将两个 pandas 数据帧组合成一个数据帧"dict type cell". (pd.Panel已弃用) [英] combine two pandas dataframe into one dataframe "dict type cell" (pd.Panel deprecated)
问题描述
我正在尝试将多个pandas.DataFrame合并为一个集合,将其保存在mongodb中,所有数据帧都具有相同的索引/列,我想使用to_json()方法将其保存在一个文档中.将数据帧的所有单元格作为字典,这可能是一个很好的方法.为此,我想像这样连接数据框:
I'm trying to concat multiples pandas.DataFrame to be saved in a mongodb in just one collection, all the dataframes have the same index/columns and I wanted to save it, in just one document, using to_json() method. Having all the cells of the dataframe as dicts, its probably a good approach. To accomplish that I wanted to concat the dataframes like this:
df1:
index A B
1 'A1' 'B1'
2 'A2' 'B2'
3 'A3' 'B3'
df2:
index A B
1 'a1' 'b1'
2 'a2' 'b2'
3 'a3' 'b3'
期望的解决方案:
df_sol:
index A B
1 {d1:'A1', d2:'a1'} {d1:'B1', d2:'b1'}
2 {d1:'A2', d2:'a2'} {d1:'B2', d2:'b2'}
3 {d1:'A3', d2:'a3'} {d1:'B3', d2:'b3'}
即时通讯使用的方法是
pd.Panel(dict(d1=df1, d2=df2)).apply(pd.Series.to_dict, 0)
A B
index
1 {'d1': 'A1', 'd2': 'a1'} {'d1': 'B1', 'd2': 'b1'}
2 {'d1': 'A2', 'd2': 'a2'} {'d1': 'B2', 'd2': 'b2'}
3 {'d1': 'A3', 'd2': 'a3'} {'d1': 'B3', 'd2': 'b3'}
,但是pd.Panel
已弃用的DeprecationWarning : Panel is deprecated and will be removed in a future version.
,是否有仅使用pandas
的解决方法?
谢谢!
but pd.Panel
its deprecated DeprecationWarning : Panel is deprecated and will be removed in a future version.

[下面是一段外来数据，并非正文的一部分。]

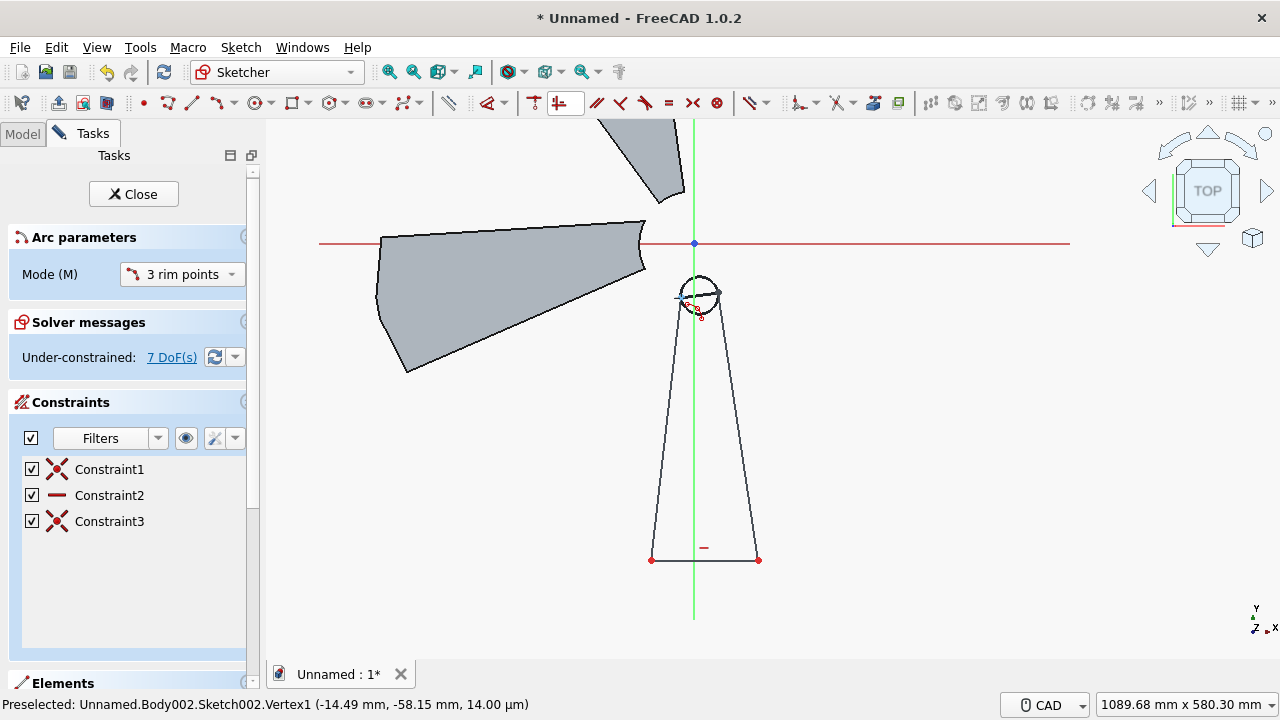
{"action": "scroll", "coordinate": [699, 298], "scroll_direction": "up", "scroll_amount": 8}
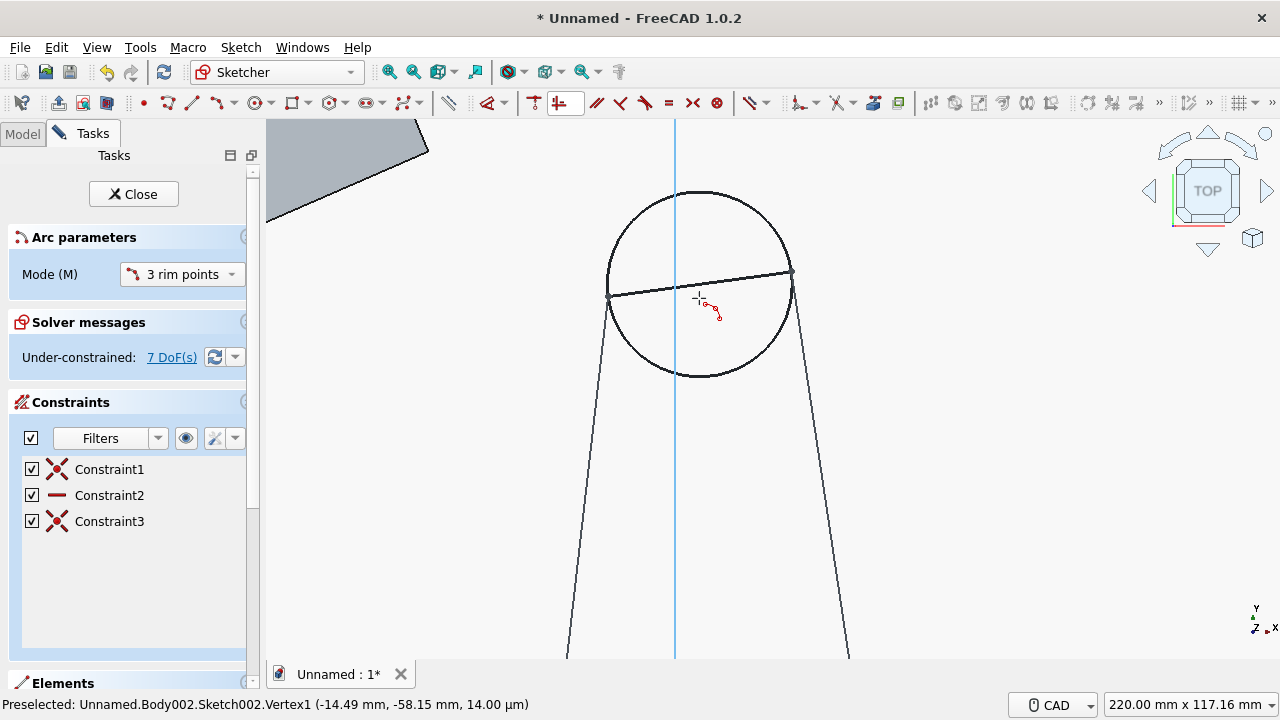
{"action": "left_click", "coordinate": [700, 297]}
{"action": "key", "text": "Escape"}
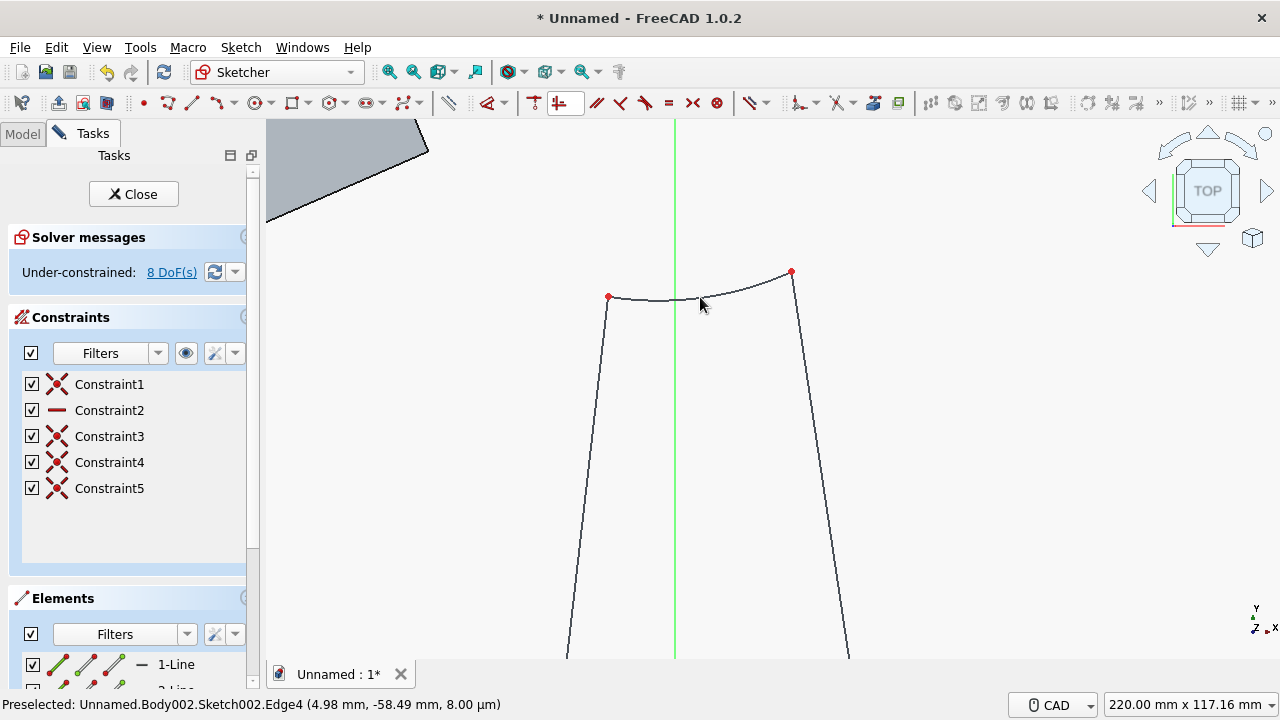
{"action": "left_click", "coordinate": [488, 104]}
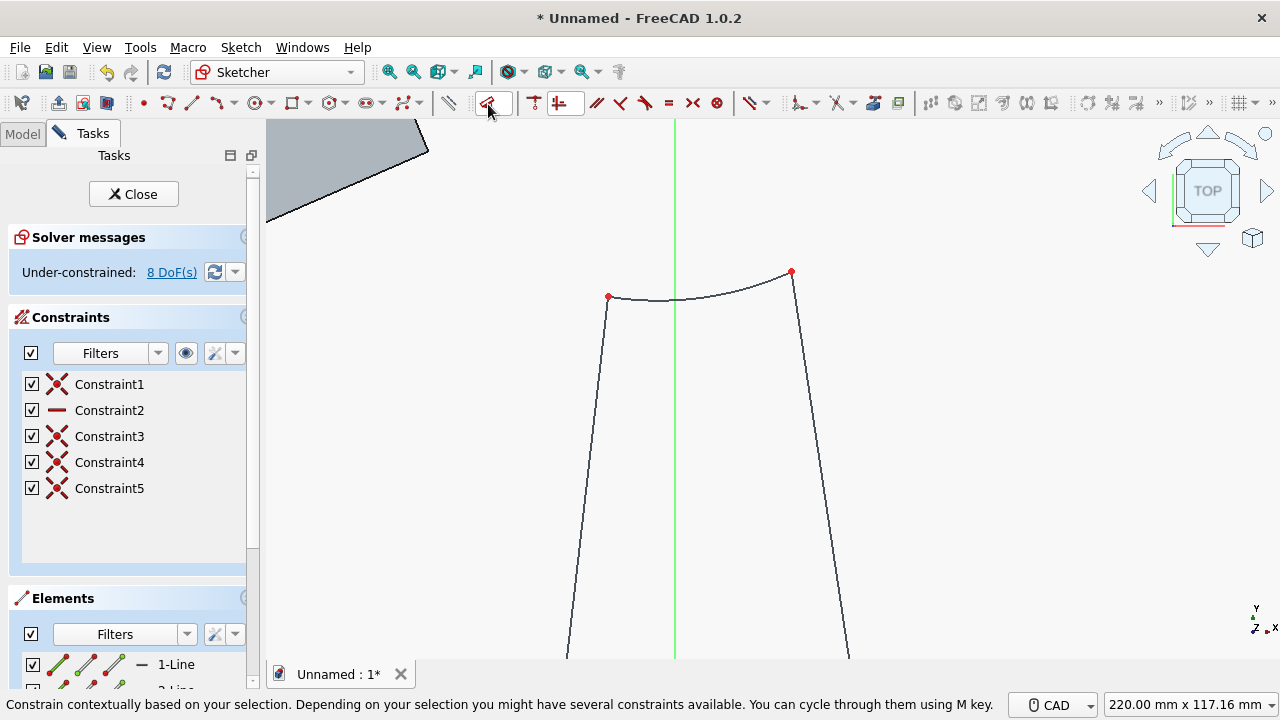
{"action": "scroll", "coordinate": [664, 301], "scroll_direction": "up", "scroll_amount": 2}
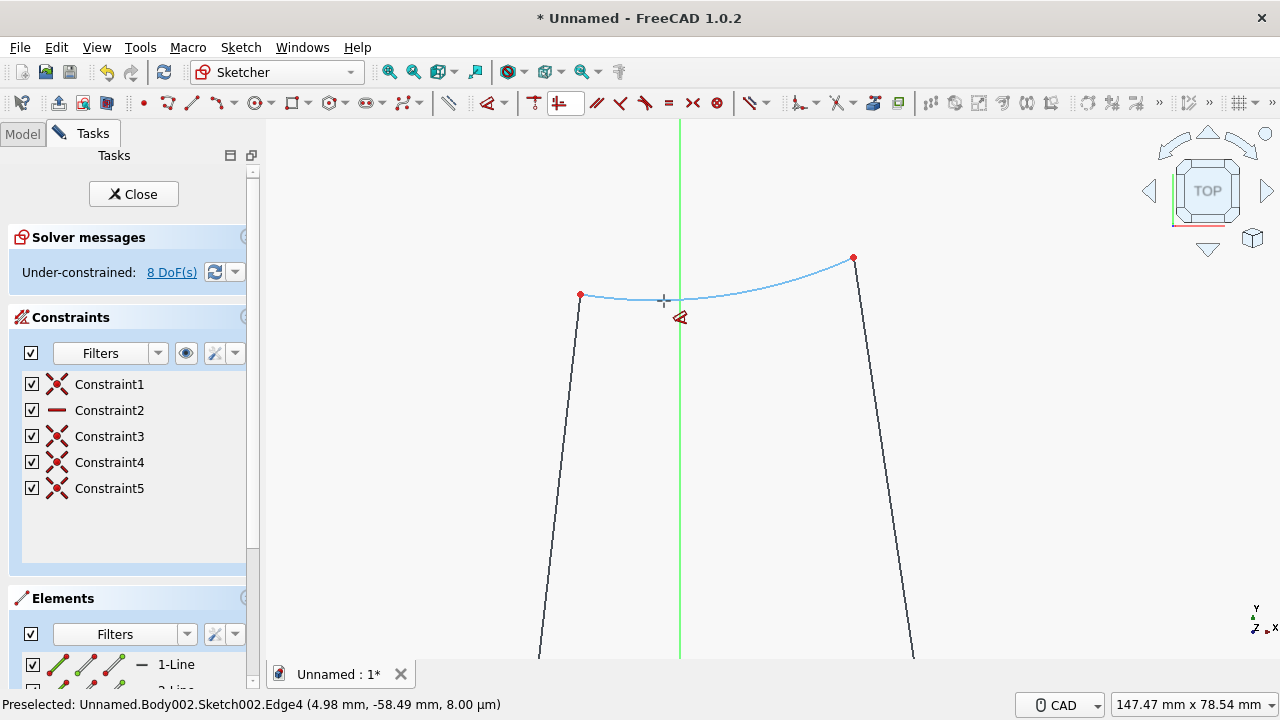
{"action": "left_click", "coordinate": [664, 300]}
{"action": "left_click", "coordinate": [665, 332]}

its there a workaround using just pandas
?
thanks!
推荐答案
解决方案
pd.concat
+其他内容
Solution
pd.concat
+ other stuff
pd.Series(
pd.concat([df1, df2], axis=1, keys=['d1', 'd2']).stack().to_dict('index')
).unstack()
A B
1 {'d1': ''A1'', 'd2': ''a1''} {'d1': ''B1'', 'd2': ''b1''}
2 {'d1': ''A2'', 'd2': ''a2''} {'d1': ''B2'', 'd2': ''b2''}
3 {'d1': ''A3'', 'd2': ''a3''} {'d1': ''B3'', 'd2': ''b3''}
说明
我想将[1, 2, 3]
和['A', 'B']
放入索引,并将['d1', 'd2']
作为列.
Explanation
I want to get [1, 2, 3]
and ['A', 'B']
into the index and ['d1', 'd2']
as the columns.
我从pd.concat
pd.concat([df1, df2], axis=1, keys=['d1', 'd2'])
d1 d2
A B A B
index
1 'A1' 'B1' 'a1' 'b1'
2 'A2' 'B2' 'a2' 'b2'
3 'A3' 'B3' 'a3' 'b3'
几乎可以带我到那里.如果在stack
后面加上它,它将把列的最后一层放到索引的最后一层:
Which almost gets me there. If I follow that with a stack
, it will drop the last level of the columns into the last level of the index:
pd.concat([df1, df2], axis=1, keys=['d1', 'd2']).stack()
d1 d2
index
1 A 'A1' 'a1'
B 'B1' 'b1'
2 A 'A2' 'a2'
B 'B2' 'b2'
3 A 'A3' 'a3'
B 'B3' 'b3'
这就是我想要的.从这里我可以使用.to_dict('index')
And this is what I want. From here I can use .to_dict('index')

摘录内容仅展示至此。